Appellant's other allegations of negligence, however, result in mostly negative answers to the Evangelical questions. None of those allegations involve basic governmental policies, programs, or objectives. For example, we doubt that any HRS decision-maker weighed the pros and cons of whether to notify authorities after the escape sub judice and decided, as a matter of governmental policy, that HRS should not notify appropriate authorities. A decision as to whether to notify proper authorities after an escape of dangerous delinquents does not involve the exercise of agency expertise on the part of HRS, nor would a decision to notify authorities jeopardize the youth detention center program. In short, it would be difficult to characterize these alleged omissions of HRS as other than operational, ministerial, or housekeeping functions. We do not think that the judicial branch of government would be sitting in judgment of the executive branch on a basic policy consideration if a court or jury were to determine, for example, that HRS employees should have notified authorities or taken some in-house action after the escape. We think that all of the allegations in Count I, except for the first, more clearly involve decisions at the operational level than did the allegations in Smith v. Department of Corrections, 432 So. 2d 1338 (Fla. 1st DCA 1983), and Bellavance v. State, 390 So. 2d 422 (Fla. 1st DCA 1980), rev. denied, 399 So. 2d 1145 (Fla. 1981).

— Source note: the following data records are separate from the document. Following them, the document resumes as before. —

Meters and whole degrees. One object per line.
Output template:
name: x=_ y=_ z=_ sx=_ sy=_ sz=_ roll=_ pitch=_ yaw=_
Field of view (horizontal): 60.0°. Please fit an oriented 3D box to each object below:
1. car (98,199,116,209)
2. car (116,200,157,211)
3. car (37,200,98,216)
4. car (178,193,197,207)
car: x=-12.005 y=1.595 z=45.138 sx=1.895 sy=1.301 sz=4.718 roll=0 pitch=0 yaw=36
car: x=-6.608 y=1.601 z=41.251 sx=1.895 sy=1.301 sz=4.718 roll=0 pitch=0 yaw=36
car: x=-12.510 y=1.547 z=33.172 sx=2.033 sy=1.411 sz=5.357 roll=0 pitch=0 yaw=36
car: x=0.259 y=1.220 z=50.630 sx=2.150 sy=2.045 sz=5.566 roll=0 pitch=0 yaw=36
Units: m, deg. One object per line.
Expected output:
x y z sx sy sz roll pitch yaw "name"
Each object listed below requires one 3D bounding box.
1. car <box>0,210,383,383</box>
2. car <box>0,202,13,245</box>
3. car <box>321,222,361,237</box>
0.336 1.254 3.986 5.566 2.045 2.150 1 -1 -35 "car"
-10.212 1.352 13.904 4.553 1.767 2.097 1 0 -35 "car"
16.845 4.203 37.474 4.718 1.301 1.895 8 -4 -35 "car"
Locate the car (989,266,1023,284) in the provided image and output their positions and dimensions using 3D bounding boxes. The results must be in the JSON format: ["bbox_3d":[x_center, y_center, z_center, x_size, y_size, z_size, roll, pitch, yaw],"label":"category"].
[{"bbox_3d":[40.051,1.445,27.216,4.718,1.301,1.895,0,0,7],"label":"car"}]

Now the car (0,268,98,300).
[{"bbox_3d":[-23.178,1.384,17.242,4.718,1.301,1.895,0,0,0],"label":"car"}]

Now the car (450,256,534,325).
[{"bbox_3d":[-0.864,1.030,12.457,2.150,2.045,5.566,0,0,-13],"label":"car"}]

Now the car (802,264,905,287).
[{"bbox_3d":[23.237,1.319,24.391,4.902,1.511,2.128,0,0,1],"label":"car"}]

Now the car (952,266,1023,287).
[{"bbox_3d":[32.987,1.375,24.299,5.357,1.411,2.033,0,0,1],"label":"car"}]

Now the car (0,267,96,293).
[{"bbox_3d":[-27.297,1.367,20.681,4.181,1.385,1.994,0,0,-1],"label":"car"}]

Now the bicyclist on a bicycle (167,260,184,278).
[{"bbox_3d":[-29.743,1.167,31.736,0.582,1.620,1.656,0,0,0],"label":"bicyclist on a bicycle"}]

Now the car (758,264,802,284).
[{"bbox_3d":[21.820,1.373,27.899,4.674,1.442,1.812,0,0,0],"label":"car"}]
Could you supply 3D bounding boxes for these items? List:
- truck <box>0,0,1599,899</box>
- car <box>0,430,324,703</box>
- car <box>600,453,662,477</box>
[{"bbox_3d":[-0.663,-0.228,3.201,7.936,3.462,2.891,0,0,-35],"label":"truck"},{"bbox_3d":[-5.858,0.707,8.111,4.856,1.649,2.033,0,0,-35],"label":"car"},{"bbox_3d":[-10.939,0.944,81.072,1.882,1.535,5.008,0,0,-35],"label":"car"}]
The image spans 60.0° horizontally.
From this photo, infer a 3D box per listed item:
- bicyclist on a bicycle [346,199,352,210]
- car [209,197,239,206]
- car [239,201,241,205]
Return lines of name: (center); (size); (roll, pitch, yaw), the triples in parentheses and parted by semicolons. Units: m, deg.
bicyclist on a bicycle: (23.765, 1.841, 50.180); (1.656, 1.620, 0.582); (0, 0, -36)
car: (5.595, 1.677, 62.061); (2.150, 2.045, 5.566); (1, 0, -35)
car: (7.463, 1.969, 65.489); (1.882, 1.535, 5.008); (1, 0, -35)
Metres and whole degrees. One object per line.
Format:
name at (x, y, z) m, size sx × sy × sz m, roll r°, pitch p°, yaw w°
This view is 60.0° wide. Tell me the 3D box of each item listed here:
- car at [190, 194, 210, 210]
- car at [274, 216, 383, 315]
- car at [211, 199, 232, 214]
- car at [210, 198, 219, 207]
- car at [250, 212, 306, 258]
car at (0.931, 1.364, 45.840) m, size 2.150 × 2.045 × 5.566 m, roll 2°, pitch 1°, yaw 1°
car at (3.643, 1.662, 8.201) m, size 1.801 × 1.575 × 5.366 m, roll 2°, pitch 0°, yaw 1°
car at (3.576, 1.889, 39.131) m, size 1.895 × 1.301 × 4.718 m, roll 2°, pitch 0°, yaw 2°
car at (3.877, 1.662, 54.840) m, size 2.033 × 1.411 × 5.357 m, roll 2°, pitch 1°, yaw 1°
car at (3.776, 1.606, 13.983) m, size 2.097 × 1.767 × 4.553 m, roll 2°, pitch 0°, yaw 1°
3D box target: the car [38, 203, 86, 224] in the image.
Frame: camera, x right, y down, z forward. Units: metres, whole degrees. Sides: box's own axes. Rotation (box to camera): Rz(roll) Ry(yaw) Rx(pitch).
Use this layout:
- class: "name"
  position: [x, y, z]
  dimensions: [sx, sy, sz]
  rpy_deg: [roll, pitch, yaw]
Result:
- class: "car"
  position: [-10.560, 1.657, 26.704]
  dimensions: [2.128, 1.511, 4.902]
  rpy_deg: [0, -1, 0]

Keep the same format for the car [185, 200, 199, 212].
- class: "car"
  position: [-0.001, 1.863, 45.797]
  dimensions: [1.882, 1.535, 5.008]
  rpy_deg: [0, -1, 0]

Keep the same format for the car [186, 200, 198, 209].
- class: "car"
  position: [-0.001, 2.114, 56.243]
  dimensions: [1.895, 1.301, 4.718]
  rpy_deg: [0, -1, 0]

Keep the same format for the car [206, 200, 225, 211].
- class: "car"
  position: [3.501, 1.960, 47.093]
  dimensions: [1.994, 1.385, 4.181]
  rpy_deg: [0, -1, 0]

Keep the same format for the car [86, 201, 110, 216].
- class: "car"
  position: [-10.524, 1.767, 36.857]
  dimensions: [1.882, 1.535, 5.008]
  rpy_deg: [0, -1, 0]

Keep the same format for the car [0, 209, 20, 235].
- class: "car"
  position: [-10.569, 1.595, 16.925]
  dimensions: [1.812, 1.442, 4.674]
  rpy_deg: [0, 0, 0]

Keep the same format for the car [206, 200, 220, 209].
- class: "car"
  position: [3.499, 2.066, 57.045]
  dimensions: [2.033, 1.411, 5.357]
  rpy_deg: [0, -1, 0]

Harrison v. Escambia County School Board, 434 So. 2d 316 (Fla. 1983), relied upon by appellee, is distinguishable from the instant case based on the nature of the allegations of negligence involved. In Harrison, the gravamen of the complaint was that the County negligently decided to locate a school bus stop on one street rather than another. The court found that in deciding upon the location of a school bus stop, a school board makes a policy or planning level decision. The court quoted approvingly the conclusion of the District Court of Appeal that the school board's function in selecting school bus stop sites is not one that should be subject to scrutiny by judge or jury as to the wisdom of the board's performance. Id. at 319. As discussed supra, we do not think this same conclusion can be reached as to most of the allegations of negligence in Count I here.

As to the allegation contained in Count II of appellant's complaint, concerning the failure to warn, we find that City of St. Petersburg v. Collom, 419 So. 2d 1082 (Fla. 1982), is controlling. Collom held that when a governmental entity creates a known dangerous condition, which is *1208 not readily apparent to persons who could be injured by the condition, a duty at the operational level arises to warn the public or protect the public from the known danger. In the instant case, the complaint clearly alleges that the danger was one well known to HRS. The complaint, however, does not allege that the known dangerous condition is not readily apparent to persons who could be injured by the condition. Therefore, it was not error to dismiss this count. We think that this count should not have been dismissed with prejudice, however, at this stage of the pleadings, and that appellant should have the opportunity to further amend her complaint to allege proper ultimate facts if she can. Cf. Kirkland v. State, Department of Health and Rehabilitative Services, 424 So. 2d 925 (Fla. 1st DCA 1983) (error to enter final judgment without granting leave to amend where plaintiff might allege ultimate facts to find waiver of sovereign immunity).

Accordingly, the order of dismissal with prejudice is REVERSED and this cause is REMANDED for proceedings consistent with this opinion.

ZEHMER, J., concurs.

THOMPSON, J., dissents without written opinion.